### Material shown:
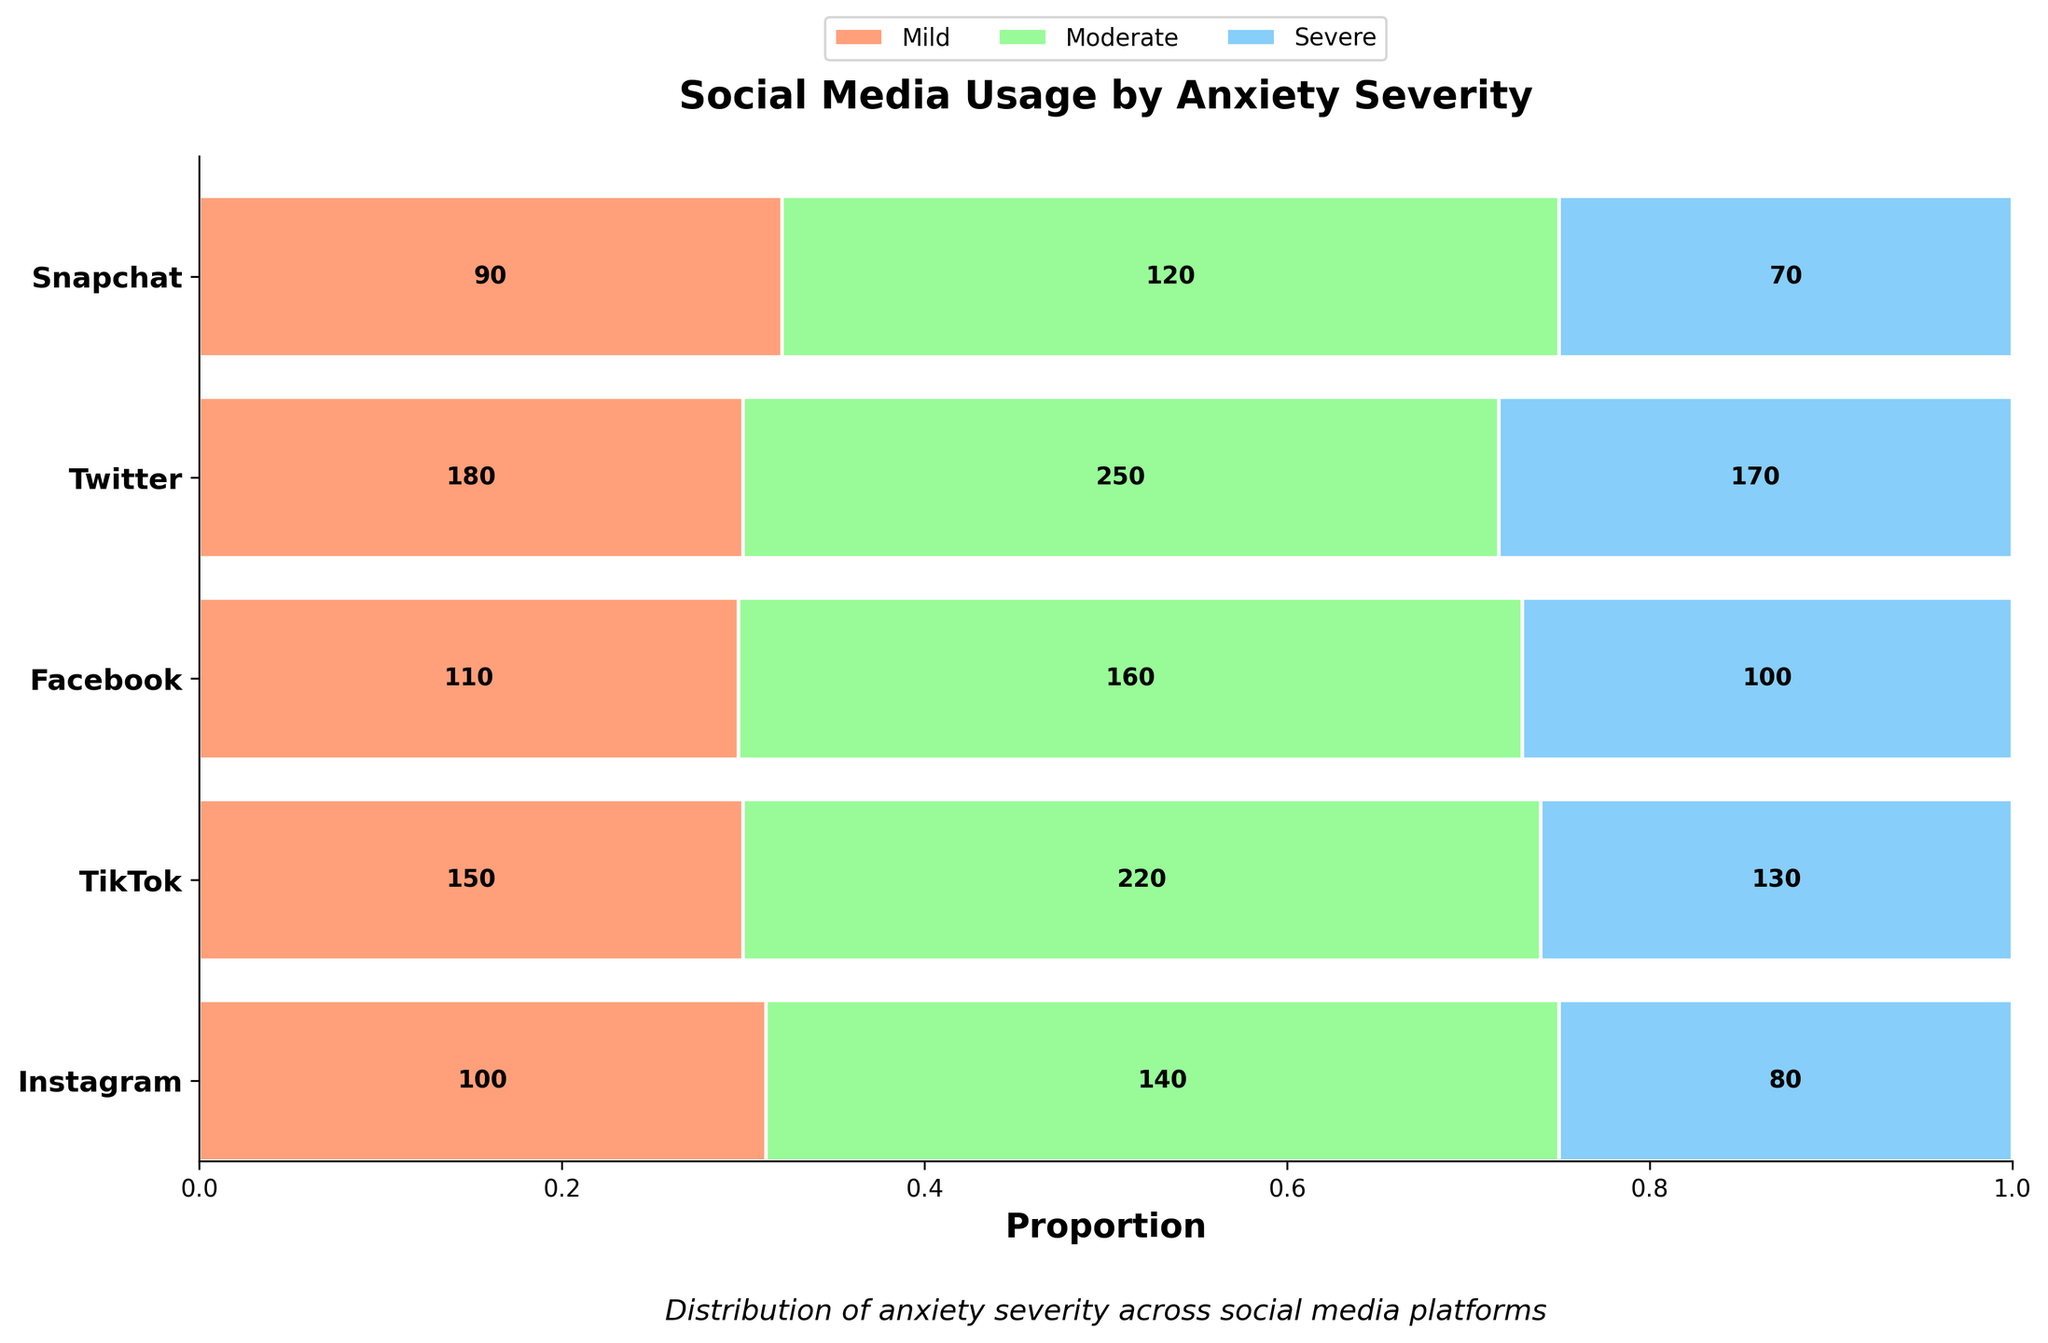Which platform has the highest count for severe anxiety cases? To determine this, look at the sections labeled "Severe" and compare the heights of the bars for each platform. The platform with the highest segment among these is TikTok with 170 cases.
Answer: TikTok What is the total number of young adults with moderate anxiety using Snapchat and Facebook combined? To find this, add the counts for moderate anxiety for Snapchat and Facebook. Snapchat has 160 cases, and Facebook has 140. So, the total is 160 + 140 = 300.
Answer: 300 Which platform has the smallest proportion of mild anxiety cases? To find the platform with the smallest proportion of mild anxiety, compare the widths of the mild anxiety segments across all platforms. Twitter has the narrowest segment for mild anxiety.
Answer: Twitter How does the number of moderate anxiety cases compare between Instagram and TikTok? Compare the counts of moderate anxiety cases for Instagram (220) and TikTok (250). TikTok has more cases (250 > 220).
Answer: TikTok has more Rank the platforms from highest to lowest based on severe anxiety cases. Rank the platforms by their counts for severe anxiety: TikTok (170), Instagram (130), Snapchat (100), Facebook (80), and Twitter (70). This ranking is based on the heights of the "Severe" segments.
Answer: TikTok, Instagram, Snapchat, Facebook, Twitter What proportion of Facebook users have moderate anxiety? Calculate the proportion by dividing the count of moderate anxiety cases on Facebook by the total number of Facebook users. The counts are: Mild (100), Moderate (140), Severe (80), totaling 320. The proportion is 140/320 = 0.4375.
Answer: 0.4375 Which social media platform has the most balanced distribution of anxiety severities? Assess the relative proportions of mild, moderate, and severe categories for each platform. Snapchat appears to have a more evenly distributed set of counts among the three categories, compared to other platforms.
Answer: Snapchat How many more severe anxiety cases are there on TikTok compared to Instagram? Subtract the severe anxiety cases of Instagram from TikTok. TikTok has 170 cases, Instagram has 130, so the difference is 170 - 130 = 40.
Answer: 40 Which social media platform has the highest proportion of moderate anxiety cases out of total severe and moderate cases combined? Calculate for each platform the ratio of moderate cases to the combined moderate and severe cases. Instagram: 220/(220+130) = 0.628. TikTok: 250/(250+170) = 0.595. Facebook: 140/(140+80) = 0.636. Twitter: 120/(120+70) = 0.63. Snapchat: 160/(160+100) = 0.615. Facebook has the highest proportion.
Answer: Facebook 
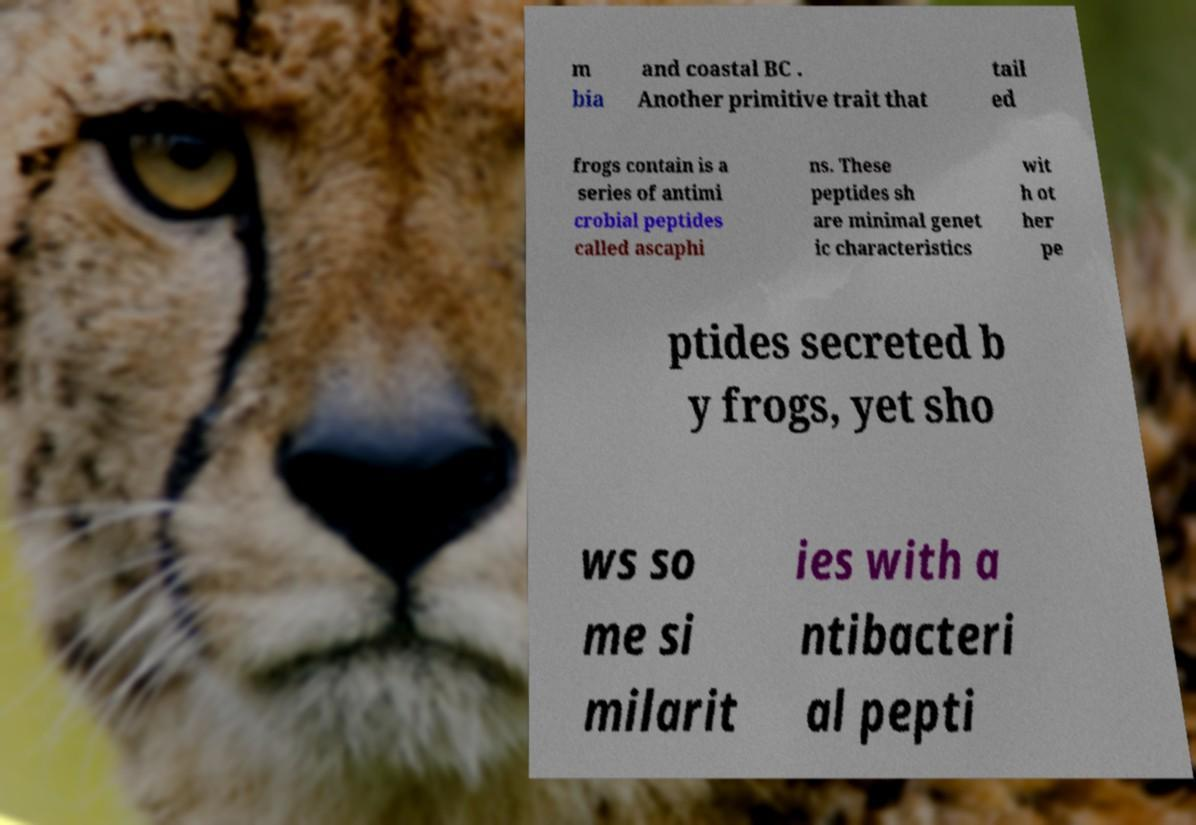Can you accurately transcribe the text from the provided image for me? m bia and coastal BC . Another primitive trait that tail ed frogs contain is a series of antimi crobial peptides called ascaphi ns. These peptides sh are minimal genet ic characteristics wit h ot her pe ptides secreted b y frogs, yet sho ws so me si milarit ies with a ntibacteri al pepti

### About this task:
Search the entries for the string "more" and copy each line where it occurs.

### Worked solution:
Answer: Twitter How does the number of moderate anxiety cases compare between Instagram and TikTok? Compare the counts of moderate anxiety cases for Instagram (220) and TikTok (250). TikTok has more cases (250 > 220).
Answer: TikTok has more Rank the platforms from highest to lowest based on severe anxiety cases. Rank the platforms by their counts for severe anxiety: TikTok (170), Instagram (130), Snapchat (100), Facebook (80), and Twitter (70). This ranking is based on the heights of the "Severe" segments.
Answer: 0.4375 Which social media platform has the most balanced distribution of anxiety severities? Assess the relative proportions of mild, moderate, and severe categories for each platform. Snapchat appears to have a more evenly distributed set of counts among the three categories, compared to other platforms.
Answer: Snapchat How many more severe anxiety cases are there on TikTok compared to Instagram? Subtract the severe anxiety cases of Instagram from TikTok. TikTok has 170 cases, Instagram has 130, so the difference is 170 - 130 = 40.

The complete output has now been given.